The thousands of hours of music include village ensembles, royal court music, drumming, voices of great beauty; all saved from almost certain disappearance during expeditions carried out until the 1960s in scarcely imaginable circumstances.

"There was dust, there were mosquitoes that would go under the tape," recalled Tracey's son Andrew, who has continued his father's pioneering work by preserving and transcribing the collection.

"He travelled around with three vehicles and used a diesel generator which was noisy and that had to be put 100 metres (yards) apart," said Andrew Tracey, himself an ethnomusicologist and teacher.
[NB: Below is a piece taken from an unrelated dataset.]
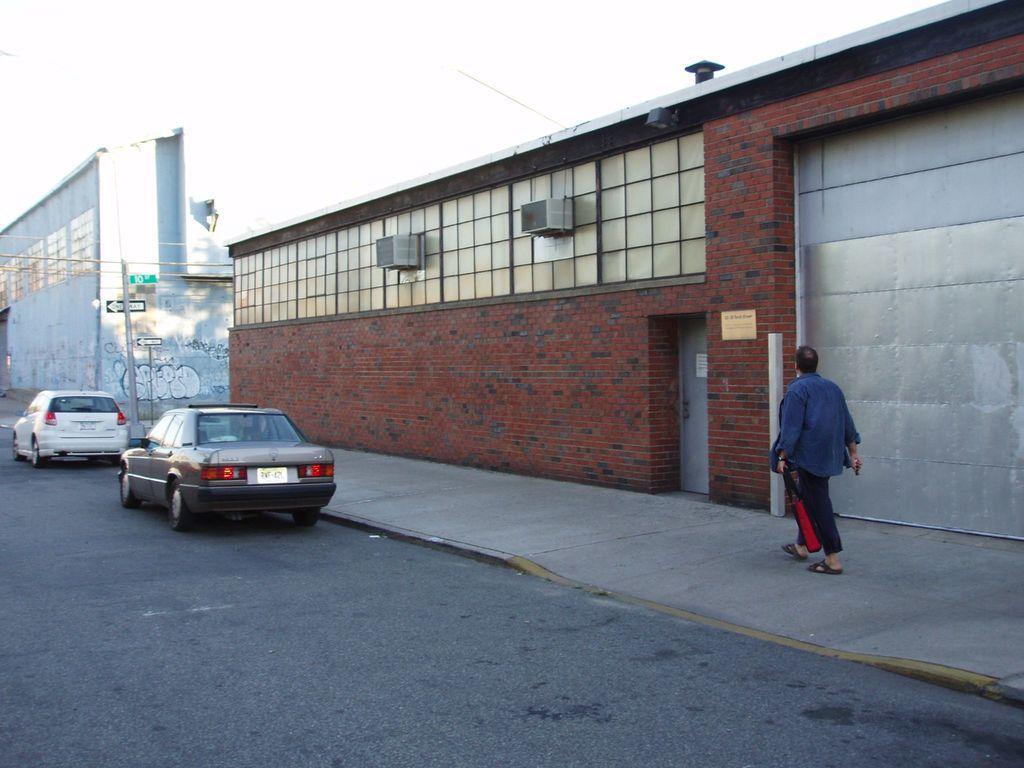Please provide a concise description of this image. This is the picture of a road. In this picture there is a person walking on the footpath and there are poles on the footpath. At the back there are buildings. At the top there is sky. At the bottom there is a road. 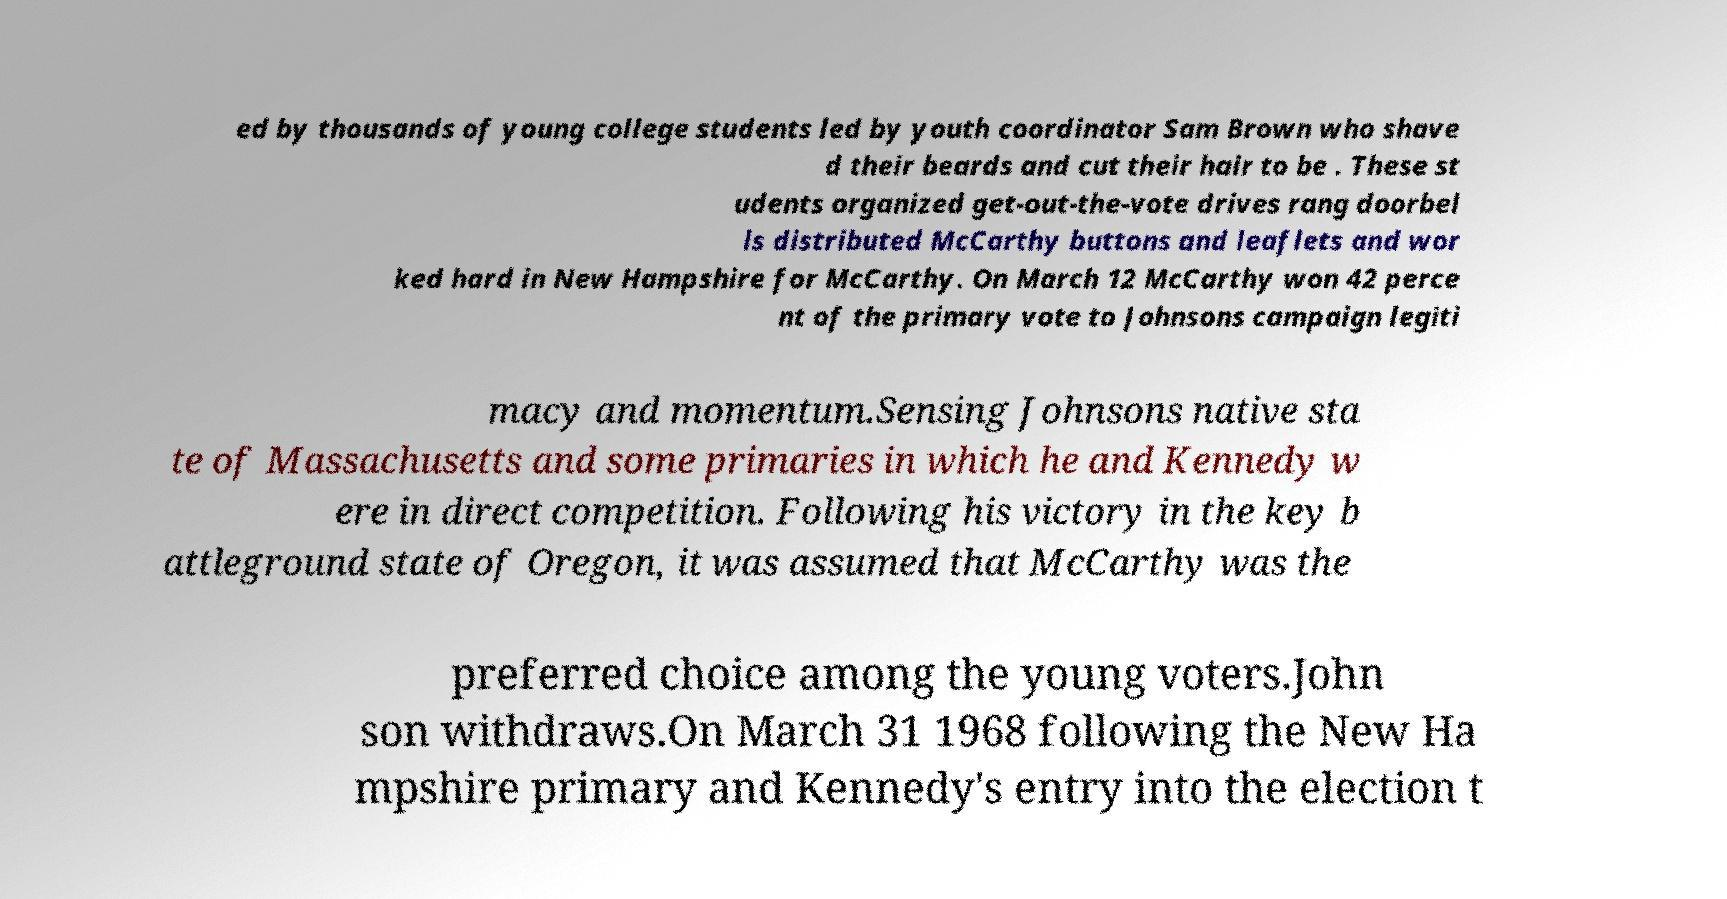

Now 78, he has passed on the work to Diane Thram, an American who looks after the archive, entirely digitalised since this year, and the 8,000 photographs of the collection.

The public can have access to more than 260 CDs, classified by region, instrument, decade -- among them royal music from Uganda, string ensembles from Kenya, Pygmy spiritual chants, miners' dances, or colonial big bands to name but a few.

Hugh Tracey, who was born in 1903 and died in 1977, was a collector of genius, curious enough to record early jazz or guitar music hits in the 1950s, a decisive decade when Africa started undergoing the changes of a rapid urbanization.

To listen to "Forest Music", recorded in northern DR Congo, is to realise that the field is not only for specialists.

Tracey can be heard giving a drum lesson, an absorbing explanation in which he shows how the sharp or flat sound of the instrument echoes the language's tonal system and makes possible communication over several kilometres (miles).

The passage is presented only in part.